AIM OF THE EXERCISE: Repeat everything in the data exactly except images.

DATA SEGMENT:
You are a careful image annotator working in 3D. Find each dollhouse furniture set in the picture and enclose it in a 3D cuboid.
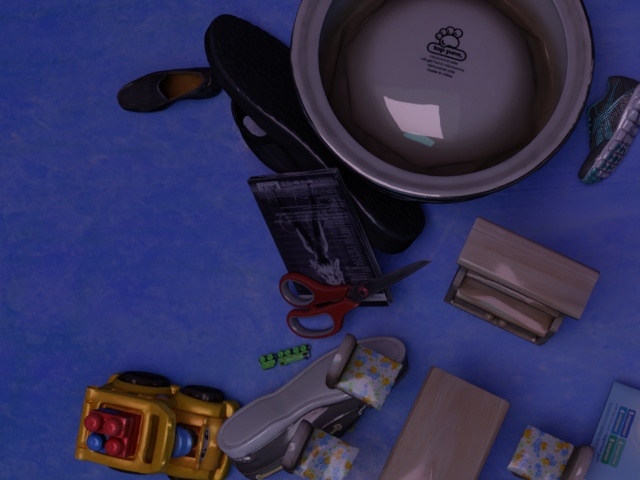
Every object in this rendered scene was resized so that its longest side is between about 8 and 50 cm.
[{"bbox_3d":[0.191,0.204,1.772,0.362,0.256,0.394,25,78,6],"label":"dollhouse furniture set"}]

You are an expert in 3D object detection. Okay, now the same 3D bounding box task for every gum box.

SOLUTION FOR THIS EXERCISE:
You are a careful image annotator working in 3D. Find each dollhouse furniture set in the picture and enclose it in a 3D cuboid.
Every object in this rendered scene was resized so that its longest side is between about 8 and 50 cm.
[{"bbox_3d":[0.191,0.204,1.772,0.362,0.256,0.394,25,78,6],"label":"dollhouse furniture set"}]

You are an expert in 3D object detection. Okay, now the same 3D bounding box task for every gum box.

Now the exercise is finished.